宮城県の合計特殊出生率が東京都に次ぐ全国第2位の低さであるにも関わらず、仙台の人口がいまだに増加を続けているのは、東北の他の県から仙台への流入増のためである。それを、「本来東京に出ていく人を仙台に留めている」などと自画自賛していてはいけない。仙台に人が集まることによって、東北の他の県ではその分人口の減少に拍車が掛かっているのである。そうしたことに目を向けず、「一人勝ち」にあぐらをかき、「我が世の春」を謳歌し続けるのだとしたら、東北の他の自治体は仙台にそっぽを向いてしまうだろう。
そうではなく、仙台に集まった人材を、人脈を、どのように東北全体の発展につなげていくか、仙台に集まる人の流れを仙台に留めず、仙台から東北の他の地域に人が流れる逆向きの人の流れをどうつくっていくかこそが、これからの仙台に問われることなのである。

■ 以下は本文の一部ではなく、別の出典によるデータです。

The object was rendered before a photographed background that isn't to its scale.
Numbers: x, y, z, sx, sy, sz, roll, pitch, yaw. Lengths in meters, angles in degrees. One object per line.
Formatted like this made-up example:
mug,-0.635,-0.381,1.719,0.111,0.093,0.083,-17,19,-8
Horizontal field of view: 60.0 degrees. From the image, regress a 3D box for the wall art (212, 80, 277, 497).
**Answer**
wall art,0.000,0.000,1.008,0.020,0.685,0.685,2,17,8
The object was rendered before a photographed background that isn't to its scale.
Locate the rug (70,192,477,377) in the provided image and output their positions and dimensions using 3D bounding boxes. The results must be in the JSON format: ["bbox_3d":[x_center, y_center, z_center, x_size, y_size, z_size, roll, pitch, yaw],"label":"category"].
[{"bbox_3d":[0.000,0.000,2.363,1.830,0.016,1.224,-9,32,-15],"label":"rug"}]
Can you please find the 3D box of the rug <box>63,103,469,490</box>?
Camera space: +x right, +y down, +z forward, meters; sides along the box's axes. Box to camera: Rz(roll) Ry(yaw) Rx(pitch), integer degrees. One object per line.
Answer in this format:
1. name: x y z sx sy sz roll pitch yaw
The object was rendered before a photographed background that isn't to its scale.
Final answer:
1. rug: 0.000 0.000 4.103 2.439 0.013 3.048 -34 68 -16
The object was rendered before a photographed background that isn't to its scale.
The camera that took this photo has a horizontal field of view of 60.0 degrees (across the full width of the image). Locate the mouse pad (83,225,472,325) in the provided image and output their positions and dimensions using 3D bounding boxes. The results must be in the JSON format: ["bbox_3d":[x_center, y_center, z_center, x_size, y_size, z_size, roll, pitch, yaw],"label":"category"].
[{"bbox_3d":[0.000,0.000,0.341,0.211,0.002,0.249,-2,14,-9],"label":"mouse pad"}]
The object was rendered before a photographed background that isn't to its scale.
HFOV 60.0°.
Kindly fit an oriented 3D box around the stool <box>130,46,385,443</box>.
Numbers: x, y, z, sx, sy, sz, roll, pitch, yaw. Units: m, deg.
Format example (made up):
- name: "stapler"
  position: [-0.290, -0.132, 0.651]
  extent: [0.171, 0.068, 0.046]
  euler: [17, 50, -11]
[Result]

その大事な展望が、今回の選挙では全く見えなかった。そのことが残念であった。仙台の中の課題の解決はもちろん大事である。だが、それは仙台だけで解決するというのではなく、同じ課題を多く抱える東北全体の中で共に解決を考えていく、そのための知恵を出し合う、という体制をつくっていくことが、今の仙台には必要なのである。
今からでも決して遅くないので、2期目を迎える郡氏にはぜひ、自ら「ライバル」視していると公言した福岡市を切り盛りする高島氏に倣って、東北全体を見渡す視野を持ってほしいものである。